Question

Solve for x and y:
 $ 99x+101y=499 $
 $ 101x+99y=501 $

Answer 1

Hint: A pair of simultaneous linear equations in two variables can be solved by either Cramer's rule, by elimination, or by substitution.
In order to eliminate one of the variables, make its coefficients equal in both the equations by multiplying / dividing the equations by some number, and then add / subtract the resulting equations.
In order to avoid the lengthy multiplications, add and subtract both the equations to get two new equations with smaller coefficients.
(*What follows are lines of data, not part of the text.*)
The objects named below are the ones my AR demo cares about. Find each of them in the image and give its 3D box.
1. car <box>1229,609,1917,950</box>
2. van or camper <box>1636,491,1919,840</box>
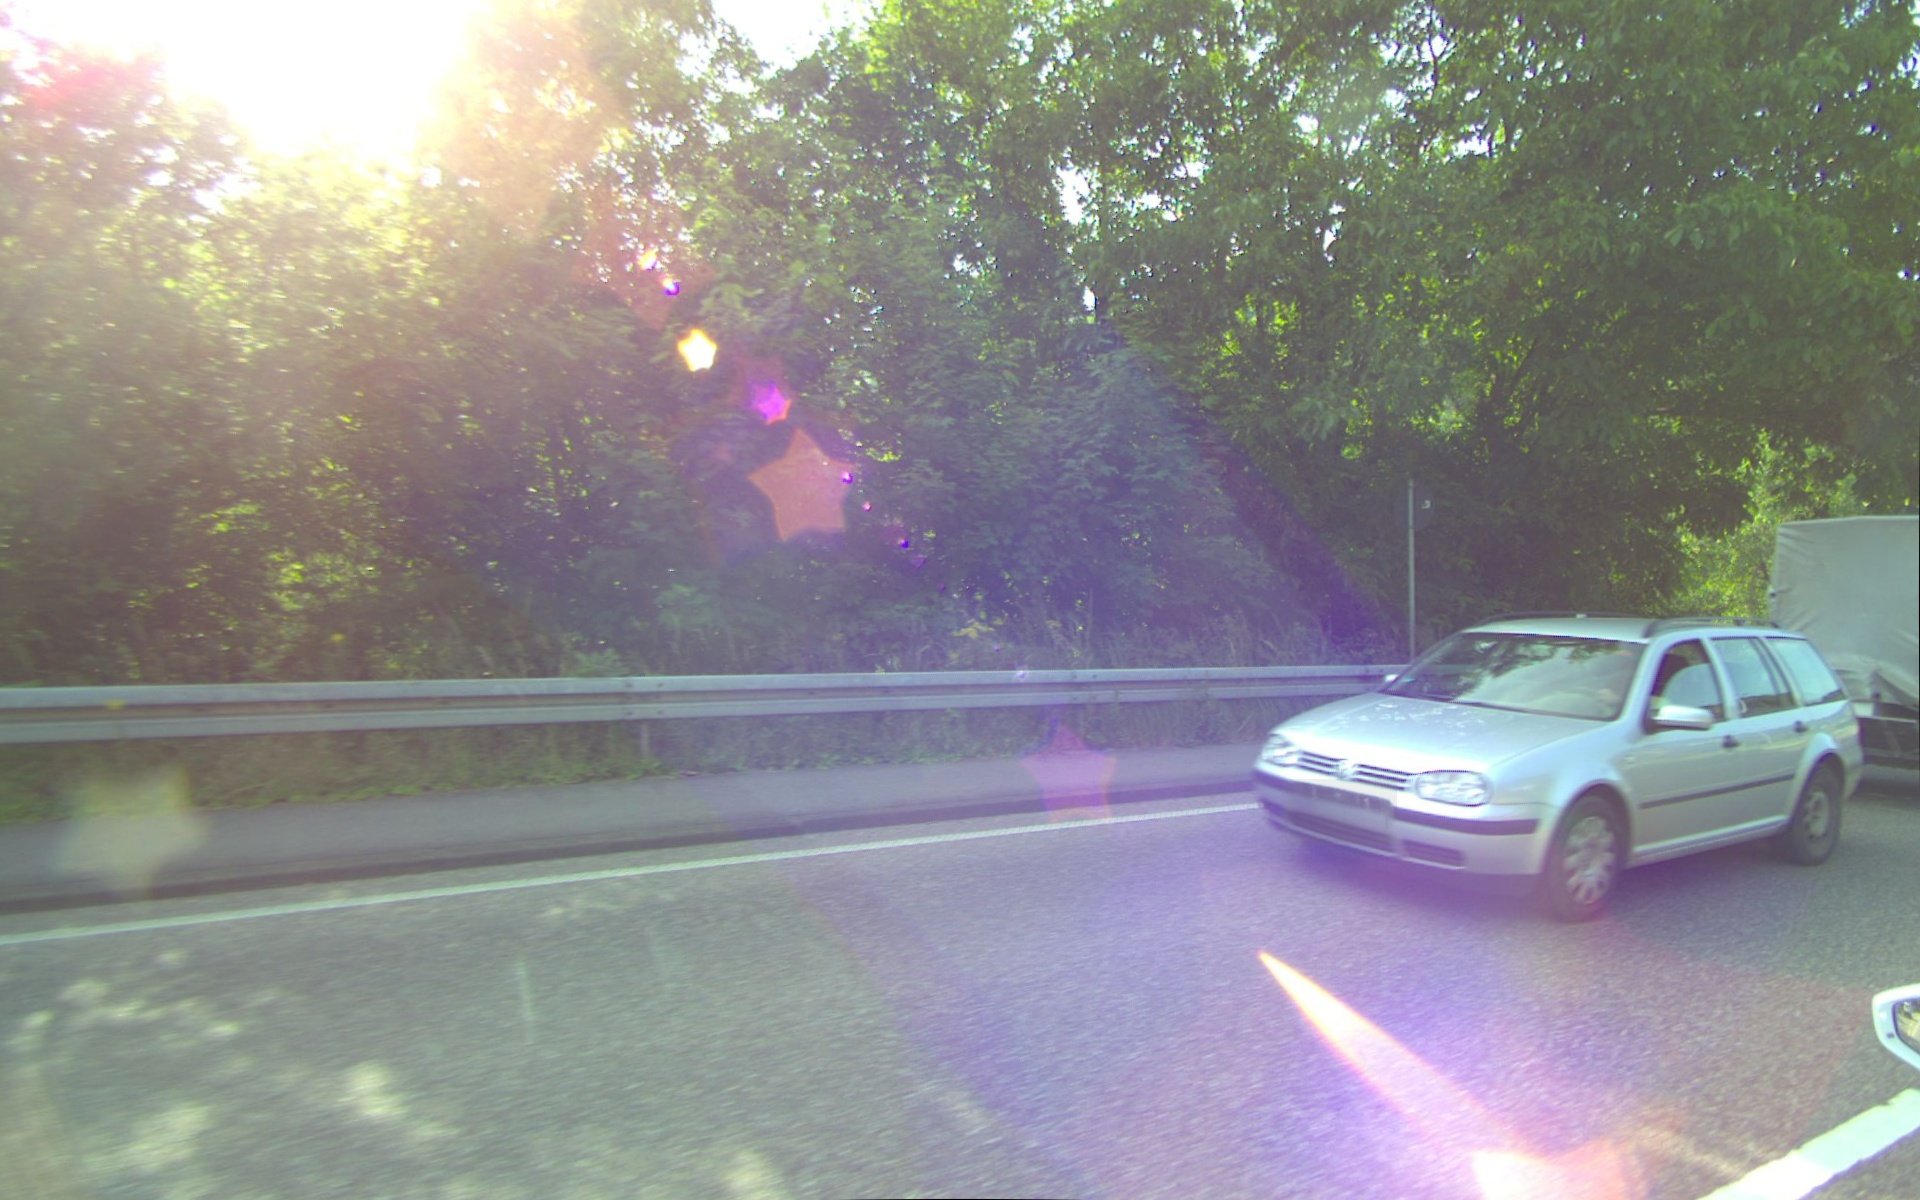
[{"bbox_3d":[3.951,0.831,6.252,4.550,1.456,1.641,1,1,-30],"label":"car"},{"bbox_3d":[7.667,0.460,8.473,4.010,2.360,1.595,1,1,-30],"label":"van or camper"}]
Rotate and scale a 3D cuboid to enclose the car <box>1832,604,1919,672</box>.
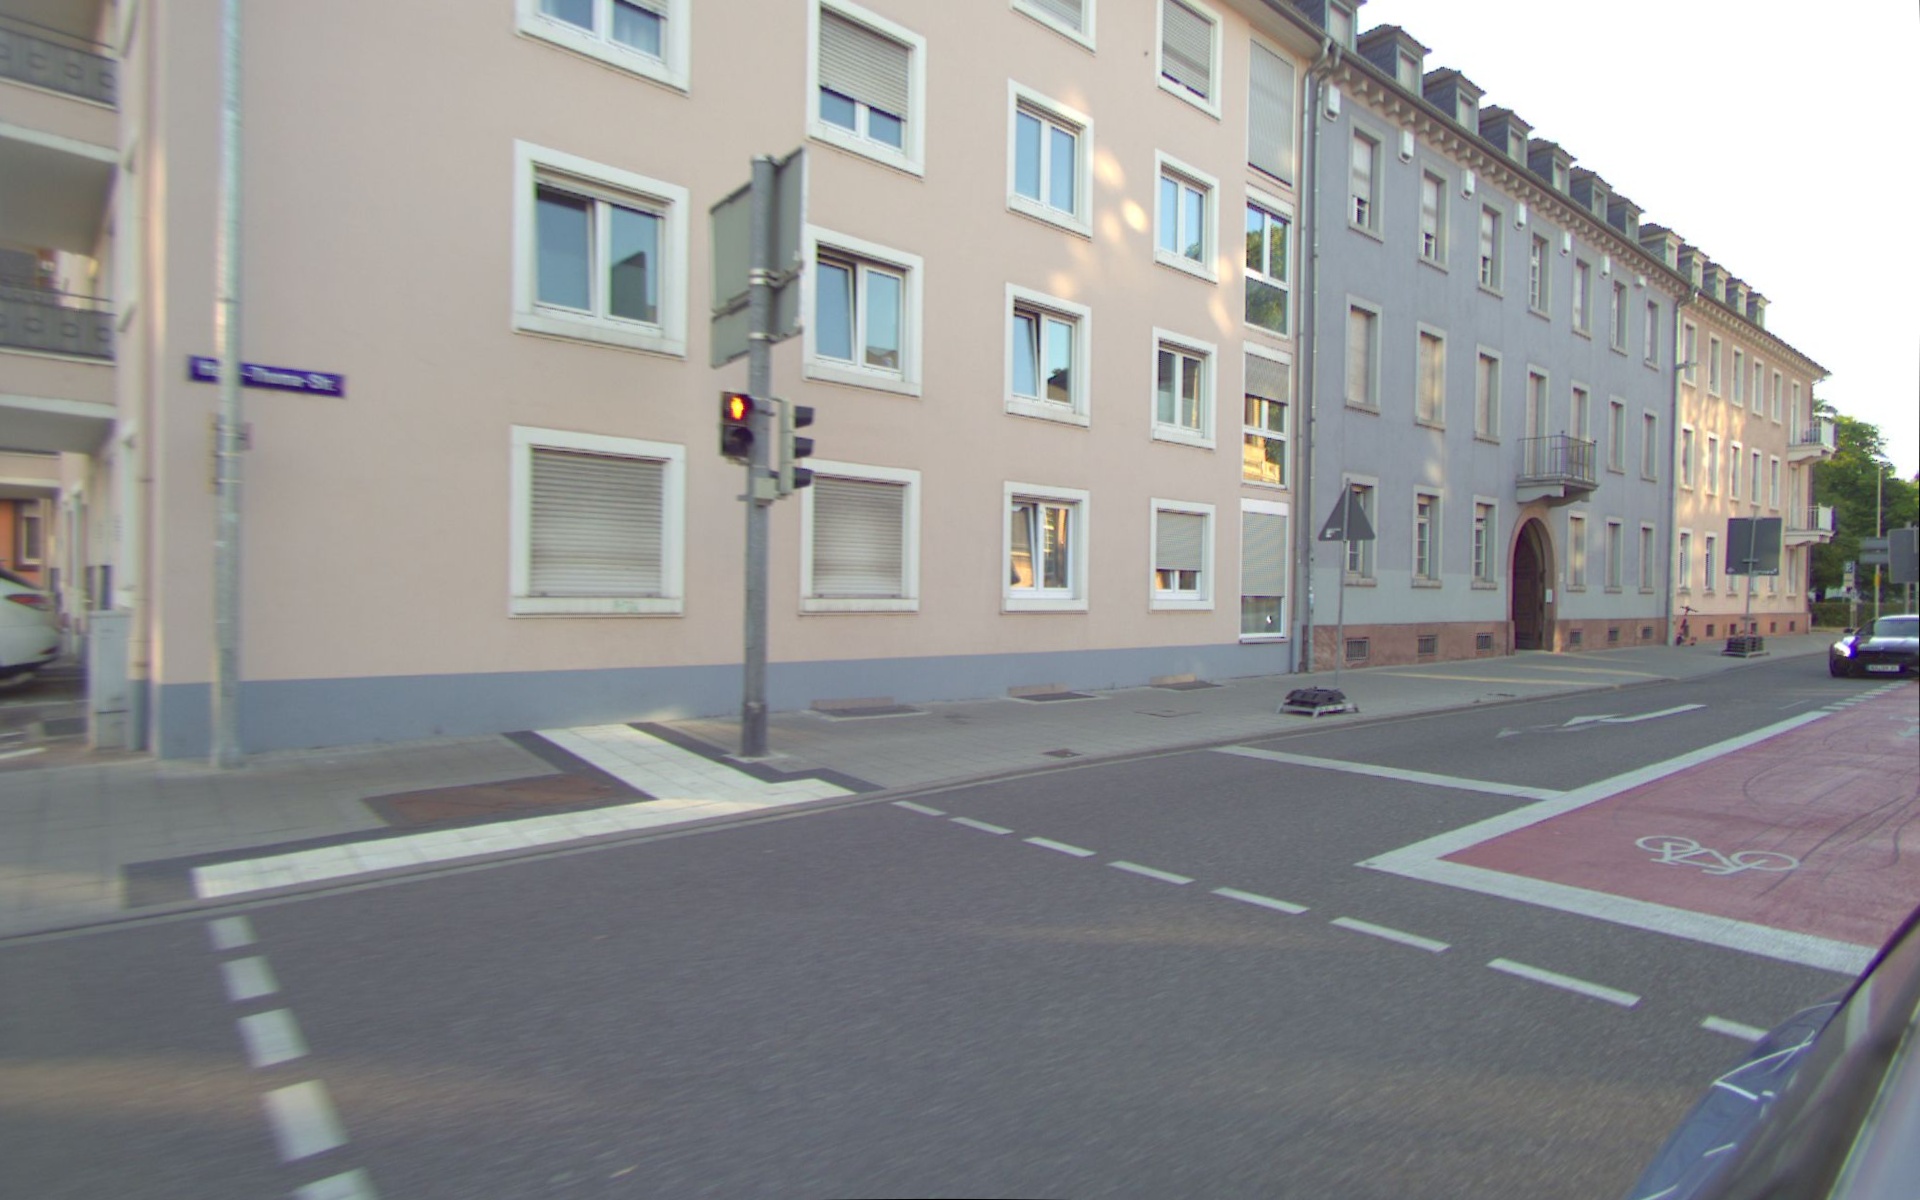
[{"bbox_3d":[20.401,0.757,21.529,4.281,1.317,2.182,0,-1,-41],"label":"car"}]

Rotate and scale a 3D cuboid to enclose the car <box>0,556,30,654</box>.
[{"bbox_3d":[-17.283,0.121,15.802,3.990,1.565,2.007,-3,3,-44],"label":"car"}]

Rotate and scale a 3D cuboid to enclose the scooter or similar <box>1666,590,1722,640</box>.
[{"bbox_3d":[22.752,0.446,31.365,1.638,1.476,0.729,0,3,-30],"label":"scooter or similar"}]

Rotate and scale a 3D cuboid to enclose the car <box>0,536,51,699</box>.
[{"bbox_3d":[-12.434,0.182,10.511,4.401,1.772,1.995,0,1,-44],"label":"car"}]
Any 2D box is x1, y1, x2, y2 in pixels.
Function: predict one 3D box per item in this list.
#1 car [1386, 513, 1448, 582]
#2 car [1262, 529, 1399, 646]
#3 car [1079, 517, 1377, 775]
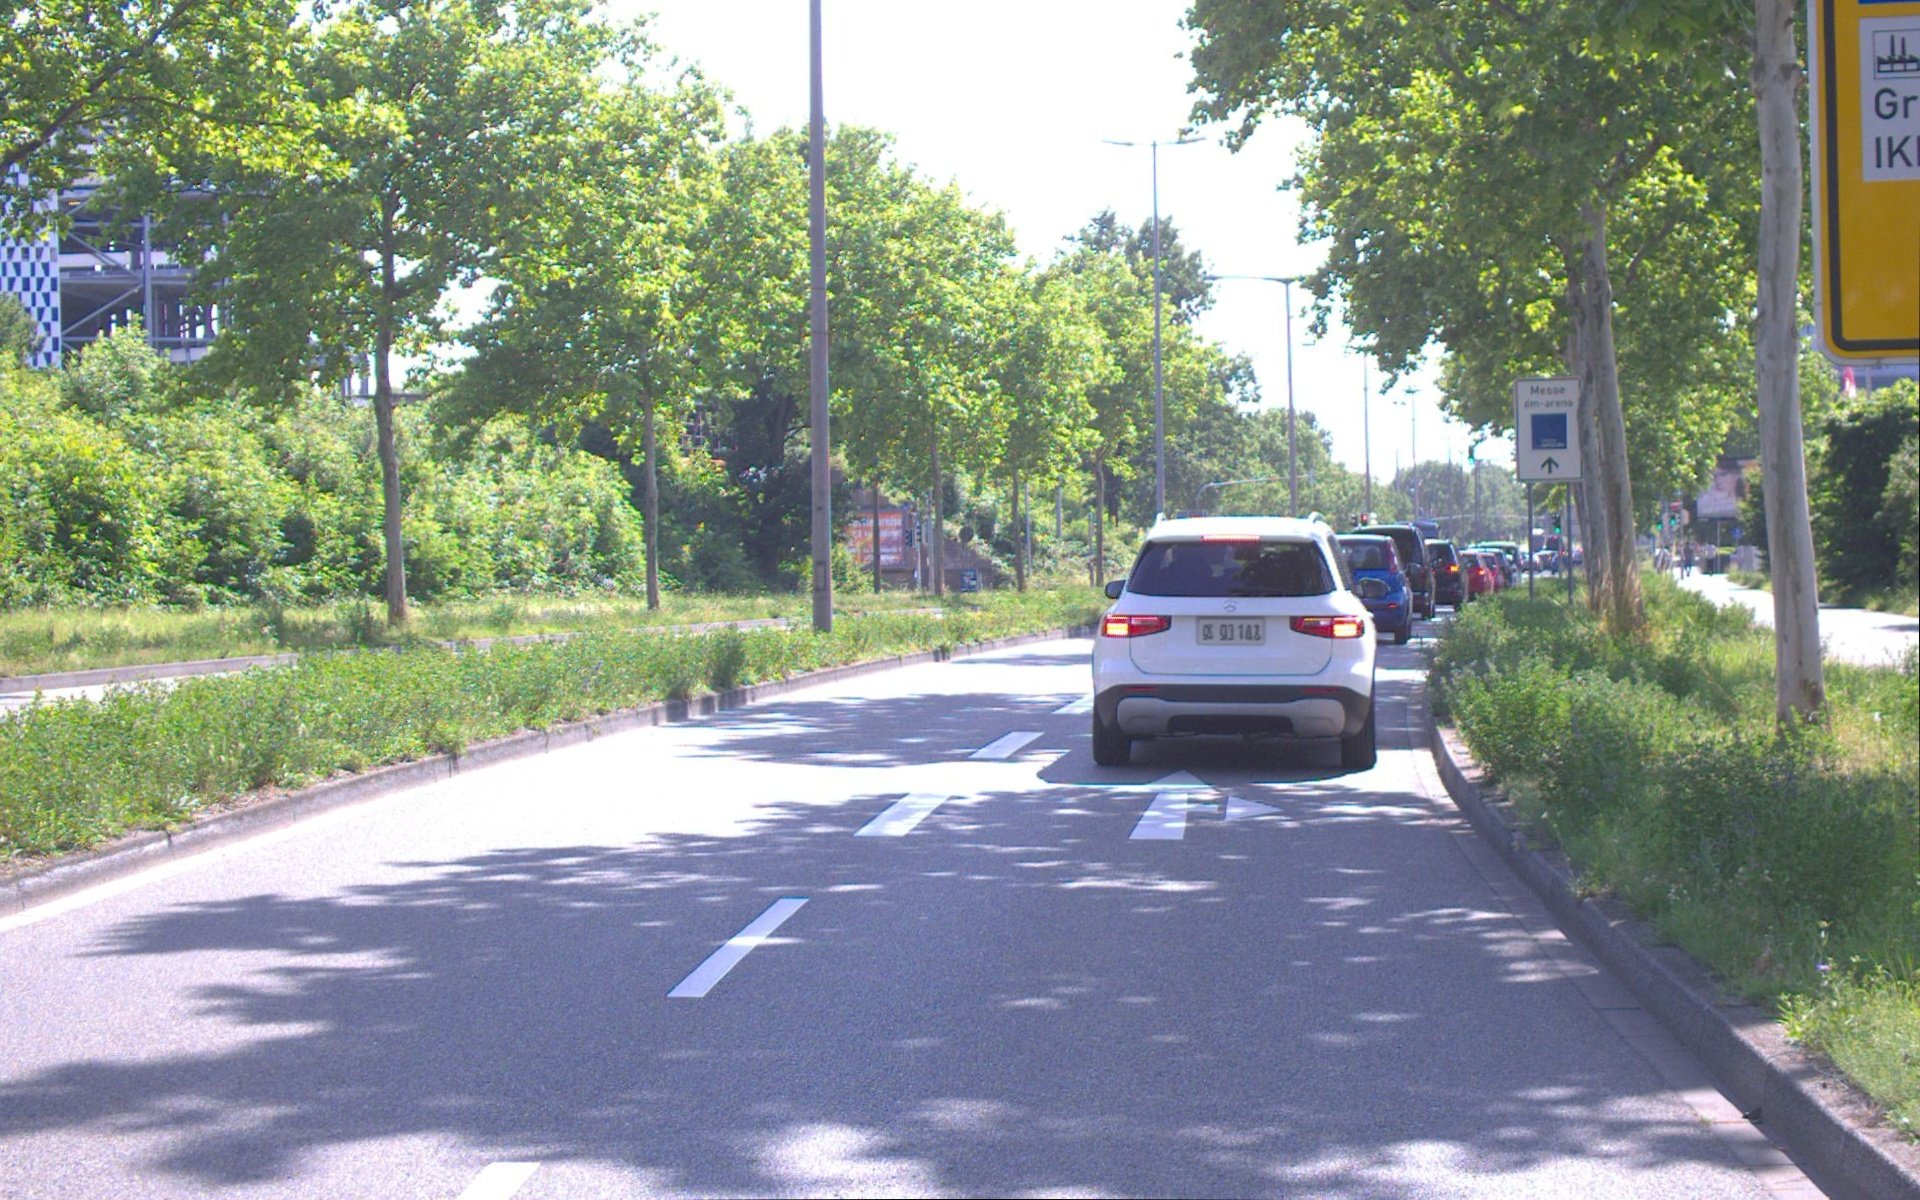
[{"bbox_3d":[17.950,-2.050,134.817,2.082,2.647,4.872,1,0,11],"label":"car"},{"bbox_3d":[5.319,-0.188,49.165,1.854,1.602,3.999,0,1,7],"label":"car"},{"bbox_3d":[1.907,0.264,23.462,1.854,1.602,3.999,0,1,7],"label":"car"}]

Complete step by step answer:
The given pair of simultaneous equations is:
 $ 99x+101y=499 $ ... (1)
 $ 101x+99y=501 $ ... (2)
On adding the equations (1) and (2), we get:
 $ 200x+200y=1000 $
Dividing all the terms by 200, gives us:
⇒ $ x+y=5 $ ... (3)
On subtracting equation (1) from equation (2), we get:
 $ 2x-2y=2 $
Dividing all the terms by 2, gives us:
⇒ $ x-y=1 $ ... (4)
Since the coefficient of y are equal and of opposite sign, adding equations (3) and (4) will give us:
 $ 2x=6 $
⇒ $ x=3 $
And, substituting this value of x in equation (3) [or equation (4)] gives us:
 $ 3+y=5 $
⇒ $ y=2 $
∴ The solution of the given system of equations is $ x=3 $ and $ y=2 $ .
Check:
 $ 99\times 3+101\times 2 $
= $ (100-1)\times 3+(100+1)\times 2 $
= $ 300-3+200+2 $
= 499
And,
 $ 101\times 3+99\times 2 $
= $ (100+1)\times 3+(100-1)\times 2 $
= $ 300+3+200-2 $
= 501

Note: The solutions to the equations $ {{a}_{1}}x+{{b}_{1}}y={{c}_{1}} $ and $ {{a}_{2}}x+{{b}_{2}}y={{c}_{2}} $ can be determined using Cramer's rule:
 $ D=\left| \begin{matrix} {{a}_{1}} & {{a}_{2}} \\ {{b}_{1}} & {{b}_{2}} \\ \end{matrix} \right| $ , $ {{D}_{x}}=\left| \begin{matrix} {{c}_{1}} & {{c}_{2}} \\ {{b}_{1}} & {{b}_{2}} \\ \end{matrix} \right| $ , $ {{D}_{y}}=\left| \begin{matrix} {{a}_{1}} & {{a}_{2}} \\ {{c}_{1}} & {{c}_{2}} \\ \end{matrix} \right| $ .
The values of the variables x and y are given by: $ x=\dfrac{{{D}_{x}}}{D} $ and $ y=\dfrac{{{D}_{y}}}{D} $ .
If, D = 0, the system is:
Either consistent and has infinitely many solutions. In this case $ {{D}_{x}}={{D}_{y}}=0 $ .
Or it is inconsistent, i.e. it has no solutions. In this case $ {{D}_{x}}\ne 0 $ and $ {{D}_{y}}\ne 0 $ .
Consistent equations with infinitely many solutions are also known as dependent equations, because both are multiples of the same equation.